Once upon a time, back when the Human Genome Project threatened to unravel the mystery of human nature - every aspect of individuality would be reduced to a SNIP - the Nature/Nurture debate seemed like the most hotly contested question in science. Are personality traits inherited or learned? To what extent can we rebel against our nature? How free are we?
Those questions now seem rather obsolete. They were rooted, after all, in a false dichotomy. Here is how I summarized this new understanding in my book:
What makes us human, and what makes each of us our own human, is not simply the genes we have buried in our base pairs, but how our cells, in dialogue with our environment, feedback onto our DNA, changing the way we read ourselves. Life is a dialectic. For example, the code sequence GTAAGT can either be translated as instructions for the amino acids valine and serine; or it can be read as a "spacer", a genetic pause that keeps other protein parts an appropriate distance from each other; or it can be read as a signal to cut the transcript. Our DNA is defined by its multiplicity of possible meanings; it is a code that requires context.

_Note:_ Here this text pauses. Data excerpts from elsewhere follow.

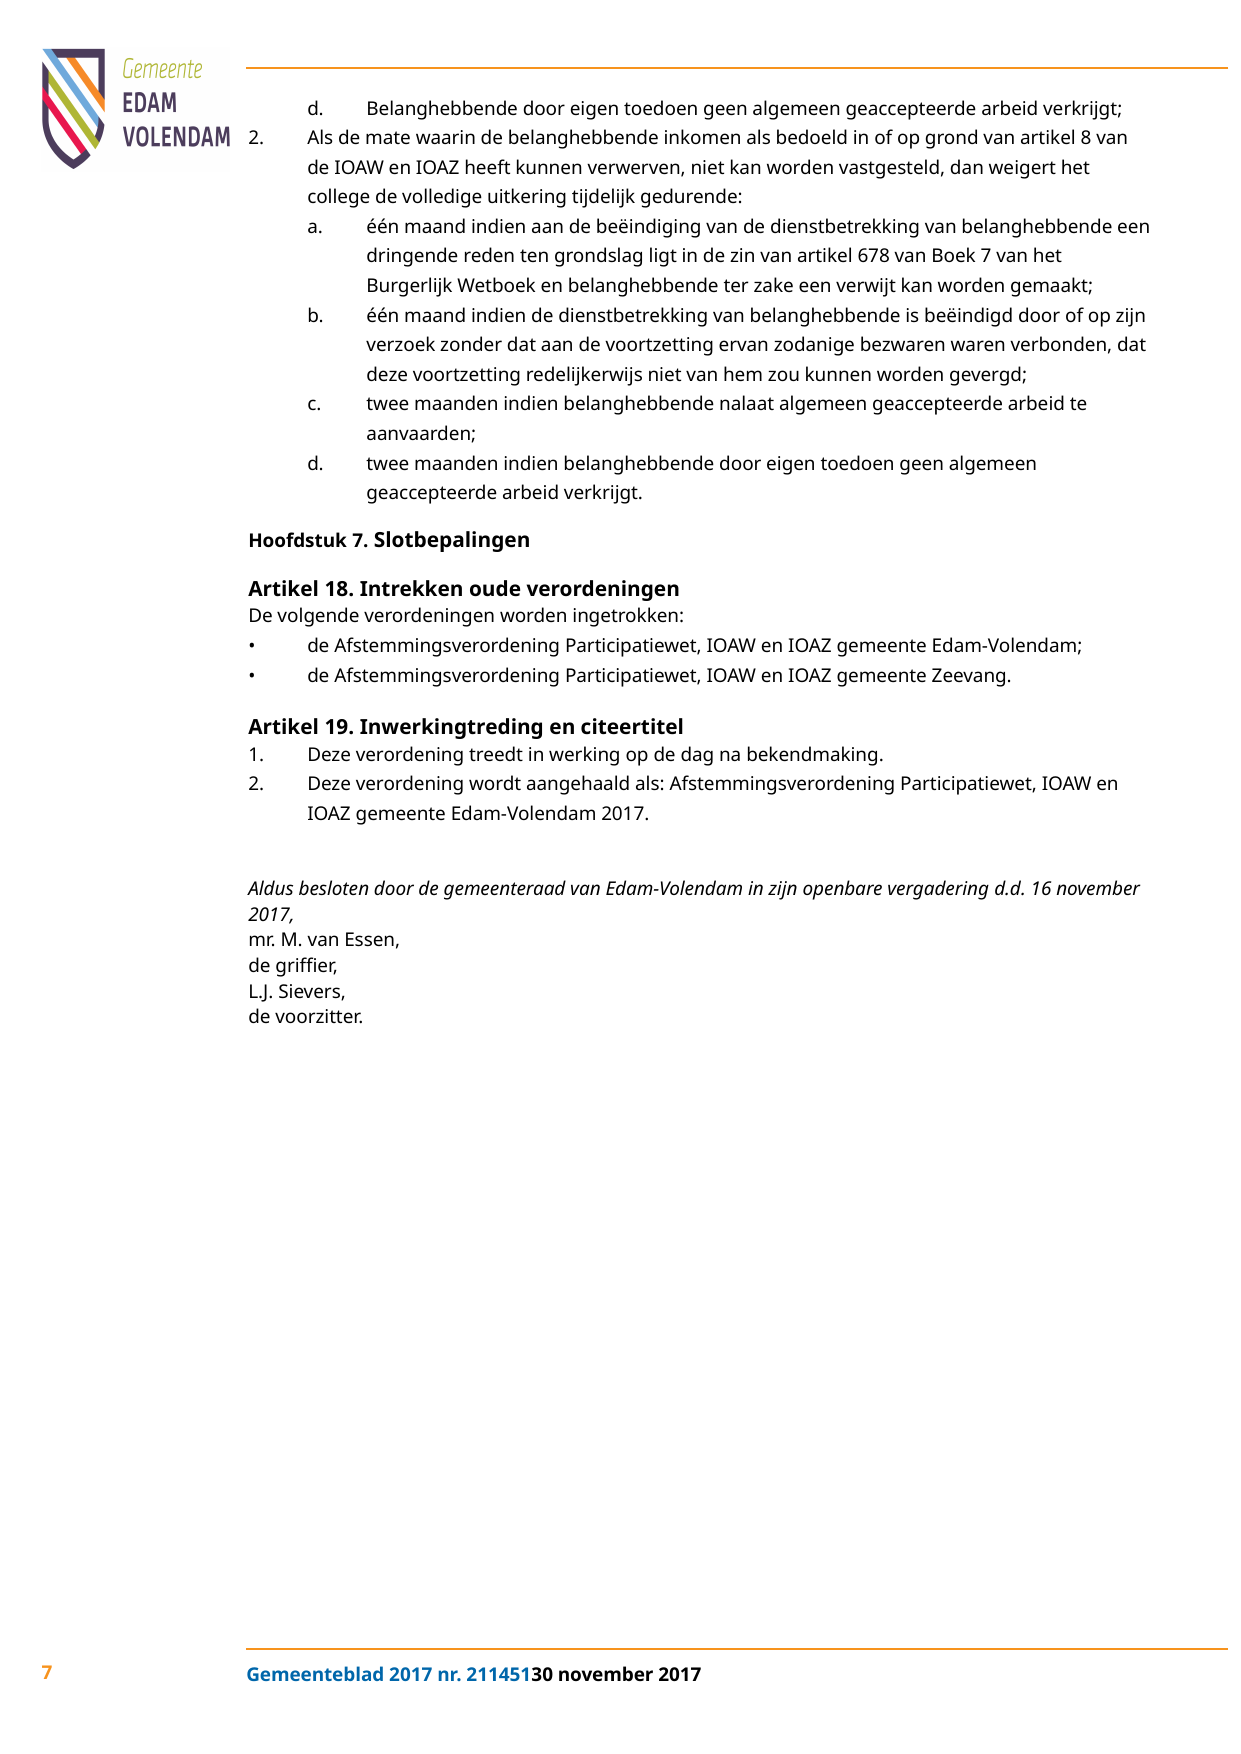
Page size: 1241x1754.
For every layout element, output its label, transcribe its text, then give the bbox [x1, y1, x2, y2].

text mr. M. van Essen, [248, 927, 1152, 952]
picture [41, 47, 231, 172]
list de Afstemmingsverordening Participatiewet, IOAW en IOAZ gemeente Edam-Volendam; [248, 632, 1152, 658]
text de voorzitter. [248, 1004, 1152, 1029]
text Artikel 19. Inwerkingtreding en citeertitel [248, 712, 1152, 741]
list de Afstemmingsverordening Participatiewet, IOAW en IOAZ gemeente Zeevang. [248, 662, 1152, 688]
list één maand indien aan de beëindiging van de dienstbetrekking van belanghebbende een dringende reden ten grondslag ligt in de zin van artikel 678 van Boek 7 van het Burgerlijk Wetboek en belanghebbende ter zake een verwijt kan worden gemaakt; [307, 213, 1152, 298]
list Deze verordening wordt aangehaald als: Afstemmingsverordening Participatiewet, IOAW en IOAZ gemeente Edam-Volendam 2017. [248, 770, 1152, 826]
text Aldus besloten door de gemeenteraad van Edam-Volendam in zijn openbare vergadering d.d. 16 november 2017, [248, 875, 1152, 927]
text Artikel 18. Intrekken oude verordeningen [248, 574, 1152, 603]
list twee maanden indien belanghebbende door eigen toedoen geen algemeen geaccepteerde arbeid verkrijgt. [307, 450, 1152, 505]
list één maand indien de dienstbetrekking van belanghebbende is beëindigd door of op zijn verzoek zonder dat aan de voortzetting ervan zodanige bezwaren waren verbonden, dat deze voortzetting redelijkerwijs niet van hem zou kunnen worden gevergd; [307, 302, 1152, 387]
text L.J. Sievers, [248, 978, 1152, 1004]
list Deze verordening treedt in werking op de dag na bekendmaking. [248, 741, 1152, 766]
text de griffier, [248, 952, 1152, 978]
text De volgende verordeningen worden ingetrokken: [248, 603, 1152, 628]
text Hoofdstuk 7. Slotbepalingen [248, 525, 1152, 553]
list Belanghebbende door eigen toedoen geen algemeen geaccepteerde arbeid verkrijgt; [307, 95, 1152, 121]
list Als de mate waarin de belanghebbende inkomen als bedoeld in of op grond van artikel 8 van de IOAW en IOAZ heeft kunnen verwerven, niet kan worden vastgesteld, dan weigert het college de volledige uitkering tijdelijk gedurende: [248, 124, 1152, 209]
list twee maanden indien belanghebbende nalaat algemeen geaccepteerde arbeid te aanvaarden; [307, 391, 1152, 446]

That said, every once in a while you run across a story that reminds you just how powerful Nature really is. A few weeks ago, This American Life devoted its full hour to the powerful tale of two babies from the same Wisconsin town that were switched at birth. (It turns out that one of the mothers knew about the switch after a few weeks, but didn't say anything for more than forty years.) While the soap opera itself is riveting - how would you feel after learning that your mom isn't really your mom? - the show is also a testament to the disconcerting reach of genetics. It turns out that the two switched women closely resemble, both in appearance and temperament, their previously unknown biological families. While one family was fun-loving and playful, and gave birth to a daughter that would also grow up to be fun-loving and playful (even though she never knew these parents), the other family was extremely religious, and gave birth to a daughter who also grew up to extremely religious, even though she never knew that her biological father was an evangelical preacher. The list of parallels goes on and on. It's a rather spooky tale, and although it's certainly an extreme example of genetics at work, it's still a useful reminder that who we are is partially beyond our control.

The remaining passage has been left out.